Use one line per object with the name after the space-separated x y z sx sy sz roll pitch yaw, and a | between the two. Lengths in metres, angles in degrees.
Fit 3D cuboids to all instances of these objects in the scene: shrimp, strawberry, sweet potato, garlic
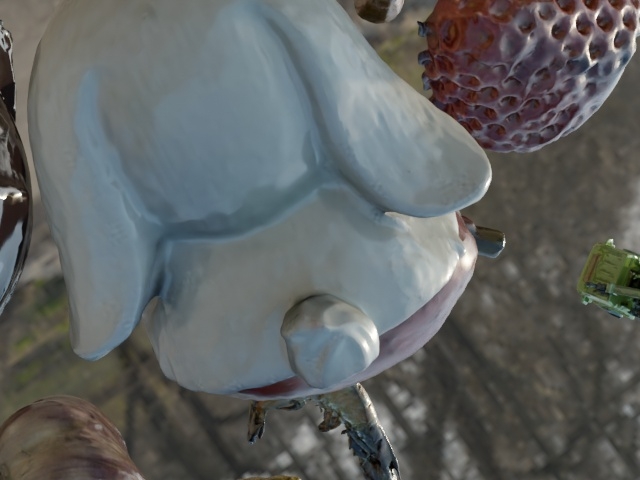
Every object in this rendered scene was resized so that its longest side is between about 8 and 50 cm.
-0.001 0.210 1.810 0.147 0.195 0.035 -16 -150 20 | shrimp
0.227 -0.203 1.731 0.253 0.150 0.280 -49 159 -13 | strawberry
0.041 -0.167 1.196 0.034 0.034 0.095 -36 180 -3 | sweet potato
-0.219 0.248 1.487 0.160 0.245 0.245 6 157 -25 | garlic

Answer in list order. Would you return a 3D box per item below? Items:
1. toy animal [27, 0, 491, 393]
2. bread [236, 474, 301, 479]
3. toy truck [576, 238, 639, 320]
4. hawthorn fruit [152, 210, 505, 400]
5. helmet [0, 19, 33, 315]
-0.050 -0.058 1.014 0.271 0.265 0.206 -20 -155 5 | toy animal
-0.043 0.299 1.428 0.113 0.211 0.083 -5 -167 -23 | bread
0.344 0.055 1.785 0.100 0.169 0.077 23 91 -53 | toy truck
0.000 0.000 1.396 0.307 0.265 0.265 1 174 -4 | hawthorn fruit
-0.292 -0.002 1.134 0.305 0.177 0.225 -43 156 26 | helmet
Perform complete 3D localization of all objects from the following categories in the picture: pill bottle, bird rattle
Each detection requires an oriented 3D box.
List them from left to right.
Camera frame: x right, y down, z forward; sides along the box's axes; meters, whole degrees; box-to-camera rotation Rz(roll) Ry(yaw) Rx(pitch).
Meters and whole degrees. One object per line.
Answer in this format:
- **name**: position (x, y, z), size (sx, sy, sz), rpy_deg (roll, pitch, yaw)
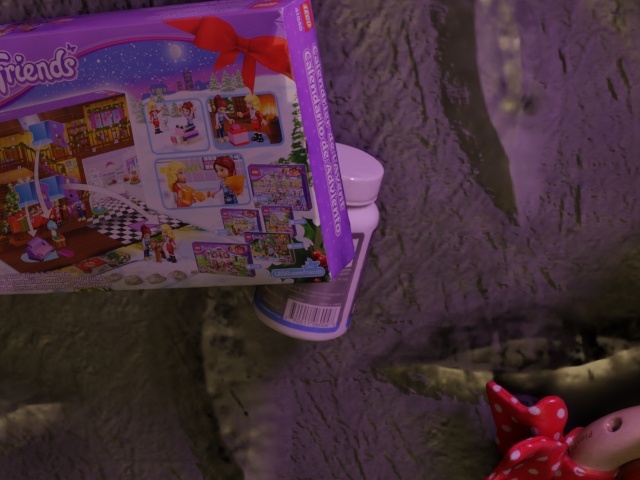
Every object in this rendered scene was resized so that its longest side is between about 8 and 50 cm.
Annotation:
- **pill bottle**: position (0.000, 0.000, 1.362), size (0.078, 0.078, 0.137), rpy_deg (15, 113, -1)
- **bird rattle**: position (0.250, 0.182, 1.397), size (0.253, 0.143, 0.207), rpy_deg (-30, 124, 19)

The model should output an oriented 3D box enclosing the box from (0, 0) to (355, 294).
- **box**: position (-0.132, -0.066, 1.313), size (0.293, 0.057, 0.201), rpy_deg (-2, 109, 22)
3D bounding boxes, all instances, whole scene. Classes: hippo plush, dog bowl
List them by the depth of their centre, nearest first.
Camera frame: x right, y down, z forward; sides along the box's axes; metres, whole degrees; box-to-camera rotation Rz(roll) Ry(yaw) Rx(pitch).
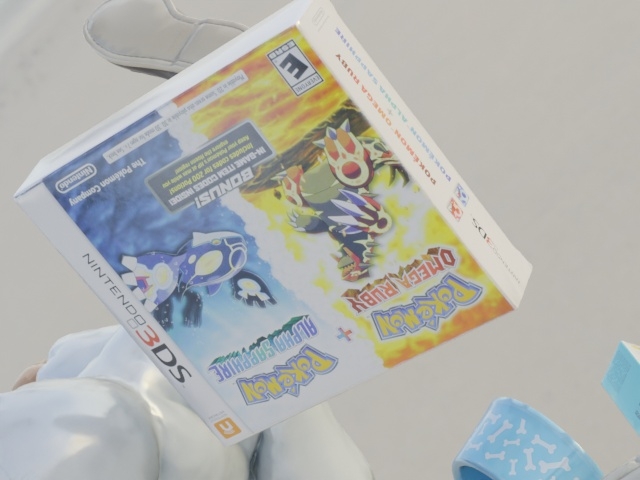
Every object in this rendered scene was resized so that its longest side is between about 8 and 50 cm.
[{"bbox_3d":[-0.100,0.144,1.149,0.294,0.234,0.236,-44,-4,41],"label":"hippo plush"},{"bbox_3d":[0.222,0.279,1.799,0.074,0.297,0.166,-40,27,-19],"label":"dog bowl"}]

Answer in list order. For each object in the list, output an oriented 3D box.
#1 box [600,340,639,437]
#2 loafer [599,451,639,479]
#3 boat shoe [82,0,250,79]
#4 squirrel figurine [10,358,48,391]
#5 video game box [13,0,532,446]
[{"bbox_3d":[0.394,0.195,2.092,0.244,0.101,0.060,-116,45,-66],"label":"box"},{"bbox_3d":[0.265,0.080,0.844,0.319,0.111,0.112,-35,-9,16],"label":"loafer"},{"bbox_3d":[-0.116,-0.149,1.570,0.206,0.065,0.075,21,65,43],"label":"boat shoe"},{"bbox_3d":[-0.087,0.225,1.658,0.397,0.370,0.281,22,63,22],"label":"squirrel figurine"},{"bbox_3d":[-0.027,-0.004,1.001,0.205,0.187,0.048,-29,21,32],"label":"video game box"}]
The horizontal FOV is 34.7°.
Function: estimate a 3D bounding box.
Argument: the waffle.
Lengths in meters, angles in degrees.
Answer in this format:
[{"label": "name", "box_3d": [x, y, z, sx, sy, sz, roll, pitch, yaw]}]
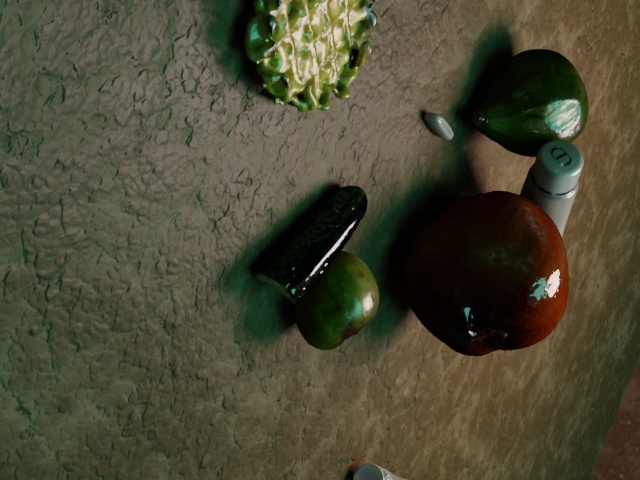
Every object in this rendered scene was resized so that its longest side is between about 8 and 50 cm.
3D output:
[{"label": "waffle", "box_3d": [-0.004, -0.297, 1.325, 0.280, 0.060, 0.262, 6, 102, -58]}]

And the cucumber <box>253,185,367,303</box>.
[{"label": "cucumber", "box_3d": [-0.001, -0.001, 1.489, 0.241, 0.074, 0.075, -47, 142, -35]}]

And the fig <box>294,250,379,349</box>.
[{"label": "fig", "box_3d": [0.026, 0.091, 1.531, 0.136, 0.120, 0.153, -41, -158, 44]}]

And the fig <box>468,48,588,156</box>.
[{"label": "fig", "box_3d": [0.363, -0.241, 1.849, 0.244, 0.195, 0.195, -14, 125, -15]}]

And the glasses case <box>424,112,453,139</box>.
[{"label": "glasses case", "box_3d": [0.199, -0.192, 1.728, 0.083, 0.032, 0.021, 38, 72, -56]}]

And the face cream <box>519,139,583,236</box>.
[{"label": "face cream", "box_3d": [0.410, -0.063, 1.891, 0.089, 0.143, 0.314, -25, 153, -16]}]

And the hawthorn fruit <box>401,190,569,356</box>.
[{"label": "hawthorn fruit", "box_3d": [0.300, 0.056, 1.785, 0.311, 0.295, 0.295, -40, 138, -32]}]

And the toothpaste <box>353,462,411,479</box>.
[{"label": "toothpaste", "box_3d": [0.137, 0.493, 1.996, 0.100, 0.066, 0.323, -62, 153, -11]}]
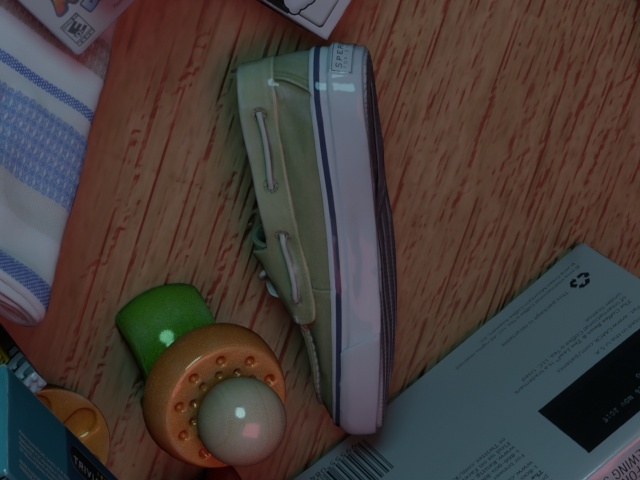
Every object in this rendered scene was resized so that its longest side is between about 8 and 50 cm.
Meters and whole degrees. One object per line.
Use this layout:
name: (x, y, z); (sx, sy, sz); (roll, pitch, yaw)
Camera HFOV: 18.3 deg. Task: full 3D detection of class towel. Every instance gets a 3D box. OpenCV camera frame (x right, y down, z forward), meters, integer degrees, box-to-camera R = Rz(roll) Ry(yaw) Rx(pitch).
towel: (-0.203, -0.112, 1.174); (0.209, 0.034, 0.285); (37, 55, -42)

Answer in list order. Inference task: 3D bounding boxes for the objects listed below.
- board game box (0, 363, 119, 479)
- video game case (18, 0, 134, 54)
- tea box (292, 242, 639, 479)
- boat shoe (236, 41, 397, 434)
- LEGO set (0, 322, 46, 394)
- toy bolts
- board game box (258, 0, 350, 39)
board game box: (-0.281, 0.214, 1.225); (0.336, 0.079, 0.254); (-18, 141, 13)
video game case: (-0.132, -0.206, 1.165); (0.157, 0.019, 0.143); (-45, 132, 1)
tea box: (0.198, 0.244, 1.527); (0.329, 0.220, 0.323); (-37, 122, -8)
boat shoe: (0.000, 0.000, 1.406); (0.094, 0.109, 0.302); (0, 116, 10)
LEGO set: (-0.327, 0.056, 1.188); (0.255, 0.192, 0.331); (-37, 122, -9)
toy bolts: (-0.108, 0.182, 1.377); (0.218, 0.158, 0.228); (-27, 121, -15)
board game box: (0.004, -0.307, 1.290); (0.193, 0.053, 0.305); (28, 96, -34)
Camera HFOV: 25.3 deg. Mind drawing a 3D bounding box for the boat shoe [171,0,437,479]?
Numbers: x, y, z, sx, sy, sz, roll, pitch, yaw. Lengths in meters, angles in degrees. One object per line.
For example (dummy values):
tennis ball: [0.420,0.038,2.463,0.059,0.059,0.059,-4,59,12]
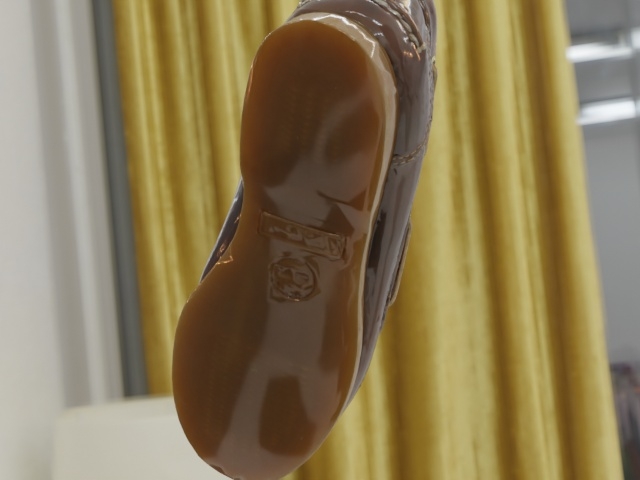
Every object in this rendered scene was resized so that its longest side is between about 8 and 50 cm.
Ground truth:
boat shoe: [0.000,0.000,0.527,0.073,0.207,0.073,27,35,11]
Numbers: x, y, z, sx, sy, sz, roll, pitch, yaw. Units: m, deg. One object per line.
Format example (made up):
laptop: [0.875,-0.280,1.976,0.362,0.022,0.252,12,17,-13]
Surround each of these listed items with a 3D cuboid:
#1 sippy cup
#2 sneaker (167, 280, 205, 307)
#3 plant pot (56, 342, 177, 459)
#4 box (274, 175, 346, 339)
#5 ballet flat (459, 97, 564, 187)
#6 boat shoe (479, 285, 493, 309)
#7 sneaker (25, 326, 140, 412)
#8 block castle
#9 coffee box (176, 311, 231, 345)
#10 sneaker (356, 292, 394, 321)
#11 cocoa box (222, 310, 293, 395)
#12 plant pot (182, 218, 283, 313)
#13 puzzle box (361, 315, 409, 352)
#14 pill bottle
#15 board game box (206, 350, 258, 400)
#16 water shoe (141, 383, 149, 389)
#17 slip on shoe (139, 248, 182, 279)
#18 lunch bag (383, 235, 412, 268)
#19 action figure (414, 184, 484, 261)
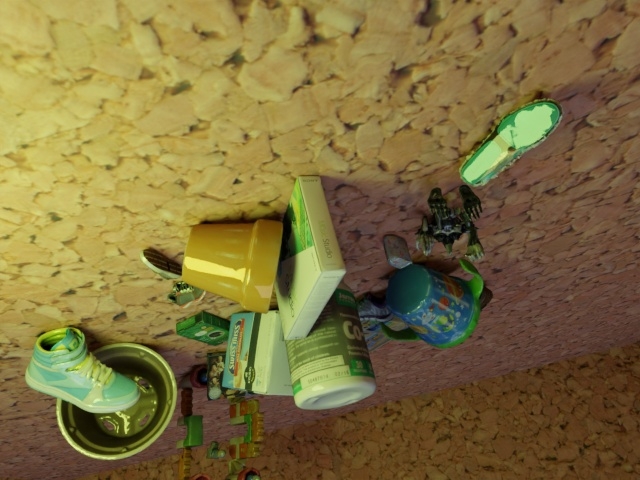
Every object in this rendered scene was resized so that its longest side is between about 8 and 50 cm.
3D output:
sippy cup: [0.324,0.184,1.384,0.224,0.305,0.240,30,172,-35]
sneaker: [-0.347,0.130,1.183,0.065,0.061,0.158,22,134,-35]
plant pot: [-0.651,0.532,1.501,0.334,0.333,0.305,-1,158,-20]
box: [-0.042,0.049,1.002,0.059,0.232,0.322,-1,146,-21]
ballet flat: [0.383,-0.201,0.928,0.077,0.091,0.241,-26,169,-45]
boat shoe: [0.488,0.266,1.662,0.104,0.110,0.307,19,137,-39]
sneaker: [-0.653,0.356,1.274,0.319,0.127,0.208,19,120,-11]
block castle: [-0.375,0.726,1.749,0.303,0.453,0.213,19,145,-40]
coffee box: [-0.350,0.281,1.437,0.113,0.040,0.184,-26,146,20]
sneaker: [0.131,0.214,1.507,0.224,0.083,0.098,-4,113,3]
cocoa box: [-0.091,0.357,1.420,0.347,0.231,0.228,19,160,-41]
plant pot: [-0.191,0.044,0.992,0.188,0.205,0.205,10,144,-8]
puzzle box: [0.146,0.377,1.767,0.272,0.052,0.409,12,141,-36]
pill bottle: [0.005,0.230,1.183,0.204,0.361,0.204,-10,149,-6]
board game box: [-0.293,0.488,1.681,0.243,0.165,0.042,-1,-177,-20]
water shoe: [-0.671,0.609,1.800,0.203,0.080,0.073,-20,148,10]
slip on shoe: [-0.380,0.060,1.068,0.041,0.051,0.135,-24,155,12]
lunch bag: [0.198,0.030,1.214,0.053,0.071,0.083,-30,147,32]
action figure: [0.308,-0.021,1.100,0.164,0.140,0.275,-1,158,13]

────

What the exercise asks:
For each line in the data that contains the string "order", give a copy of that line.

Written solution:
Answer in list order. Would you return a 3D box per item below? Items:
Answer in list order. For each object in the list, output an oriented 3D box.
Answer in list order. Inference task: 3D bounding boxes for the objects listed below.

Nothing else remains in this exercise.